Un couac dans les Assises bien huilées du Transport Aérien

 

Dans le cadre des Assises nationales du transport aérien, la ministre, Mme Borne a défini des thèmes de travail dont celui de la performance environnementale des aéroports (à savoir la qualité de l'air et les gaz à effet de serre) ; ainsi, le jeudi 30 mai à Roissy, se sont retrouvés pour la seconde fois en assemblée plénière sous forme de groupe de travail, les acteurs du transport aérien, les représentants des administrations, les représentants de la DGAC, des constructeurs, de la FNAM, de l’UAF, de l'ACNUSA, d'organismes indépendants comme AIRPARIF ou l' ADEME, enfin, les représentants des associations de riverains, membres de l'Union Française Contre les Nuisances des Aéronefs (UFCNA), le tout sous la houlette d'une animatrice d'INERIS également membre de l'ACNUSA et d'un co-président du thème performance environnementale, écologue universitaire.

La réunion, comme bien souvent, a oscillé entre la présentation de mesures insignifiantes pour maîtriser l'augmentation de la pollution locale et des gaz à effet de serre dans un contexte de doublement du trafic aérien mondial d'ici 2030, le rejet des propositions des associations de riverains, et l'impossibilité d'avoir un objectif commun de réduction significative des pollutions.

Le désespoir s'invitait donc une fois encore pour les populations survolées dans un groupe de travail bien décidé à enterrer avant même sa naissance, toute véritable mesure de santé publique visant à réduire les émissions du transport aérien. Mais l'animatrice, cinq minutes avant la fin des travaux, a donné la parole au représentant de l'ADEME, l' Agence de l'Environnement et de la Maîtrise de l’Energie.

Le rapport de cette agence indépendante, a provoqué un vrai séisme dans le Landerneau policé du lobby et a redonné l'espoir aux associations.

Enfin, un organisme dont l'expertise est reconnue, dont l'indépendance n'est plus à démontrer, faisait de réelles propositions pour quantifier réellement les émissions des avions !

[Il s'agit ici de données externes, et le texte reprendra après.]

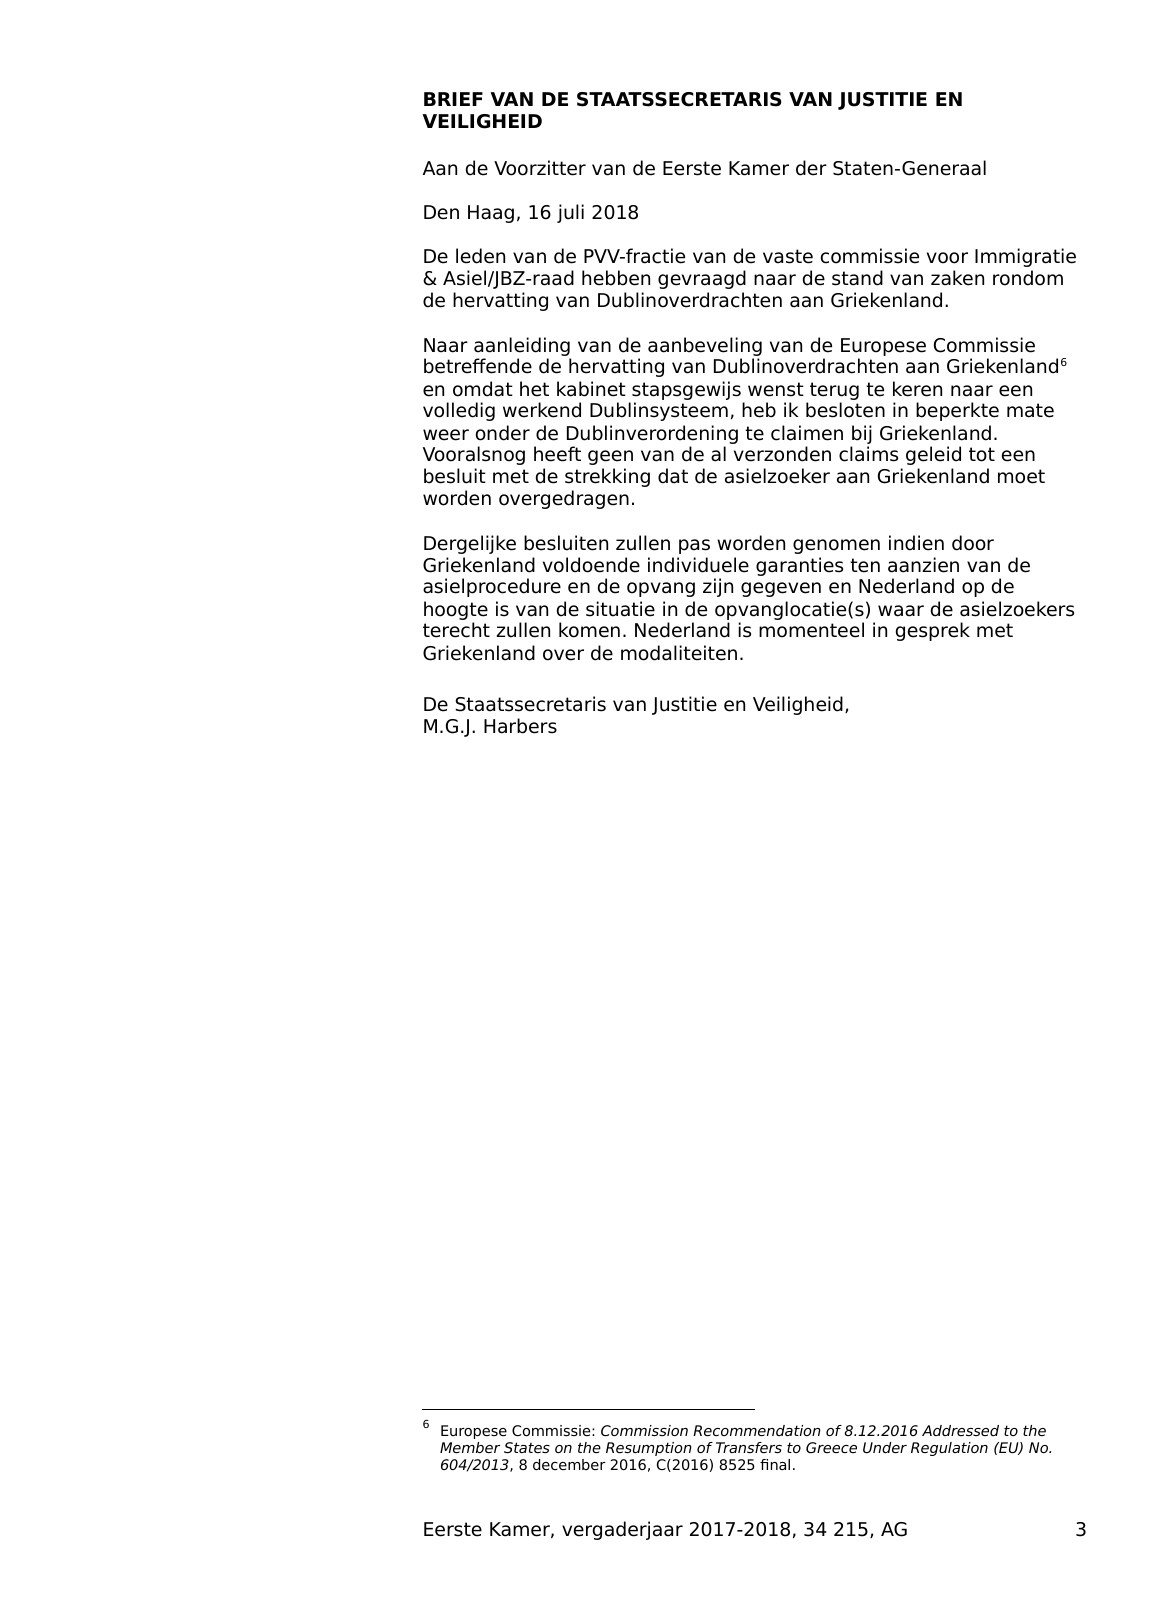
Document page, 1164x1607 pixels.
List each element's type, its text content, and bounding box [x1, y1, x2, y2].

text Aan de Voorzitter van de Eerste Kamer der Staten-Generaal [422, 158, 1087, 180]
text Europese Commissie: Commission Recommendation of 8.12.2016 Addressed to the Member States on the Resumption of Transfers to Greece Under Regulation (EU) No. 604/2013, 8 december 2016, C(2016) 8525 final. [422, 1418, 1087, 1474]
text Den Haag, 16 juli 2018 [422, 202, 1087, 224]
text Dergelijke besluiten zullen pas worden genomen indien door Griekenland voldoende individuele garanties ten aanzien van de asielprocedure en de opvang zijn gegeven en Nederland op de hoogte is van de situatie in de opvanglocatie(s) waar de asielzoekers terecht zullen komen. Nederland is momenteel in gesprek met Griekenland over de modaliteiten. [422, 532, 1087, 664]
text De Staatssecretaris van Justitie en Veiligheid, M.G.J. Harbers [422, 694, 1087, 738]
text Naar aanleiding van de aanbeveling van de Europese Commissie betreffende de hervatting van Dublinoverdrachten aan Griekenland en omdat het kabinet stapsgewijs wenst terug te keren naar een volledig werkend Dublinsysteem, heb ik besloten in beperkte mate weer onder de Dublinverordening te claimen bij Griekenland. Vooralsnog heeft geen van de al verzonden claims geleid tot een besluit met de strekking dat de asielzoeker aan Griekenland moet worden overgedragen. [422, 334, 1087, 510]
text De leden van de PVV-fractie van de vaste commissie voor Immigratie & Asiel/JBZ-raad hebben gevraagd naar de stand van zaken rondom de hervatting van Dublinoverdrachten aan Griekenland. [422, 246, 1087, 312]
subtitle BRIEF VAN DE STAATSSECRETARIS VAN JUSTITIE EN VEILIGHEID [422, 89, 1087, 133]

En effet, jusqu'alors en France, la seule façon d'évaluer les émissions était de rapporter ces dites émissions en intensité (soit un volume de polluants par unité de trafic, c'est-à-dire le nombre de personnes transportées) au lieu de les fournir en valeur absolue (c'est-à-dire la juste mesure de tout ce que recrachent les avions, sans fard ni camouflage derrière des modèles mathématiques, propres à minimiser ces émissions). Le rapport n'en reste pas là : il faut réduire pour chaque aéroport les émissions en valeur absolue pour l'ensemble des vols et des phases de vol. Et le rapport conclut : il faut envisager d'ouvrir le débat sur la maîtrise du développement du trafic aérien ...

Depuis 20 ans, les riverains d'aéroport et les populations survolées, demandaient la vraie mesure de la pollution du trafic aérien. La ministre, au moment où Bruxelles tacle la France pour immobilisme en matière de lutte contre la pollution atmosphérique sera t-elle aussi celle qui enterre le rapport pour conforter le puissant lobby, ou tiendra-t-elle compte du jugement impartial de l'ADEME et du cri des populations malades de la pollution ?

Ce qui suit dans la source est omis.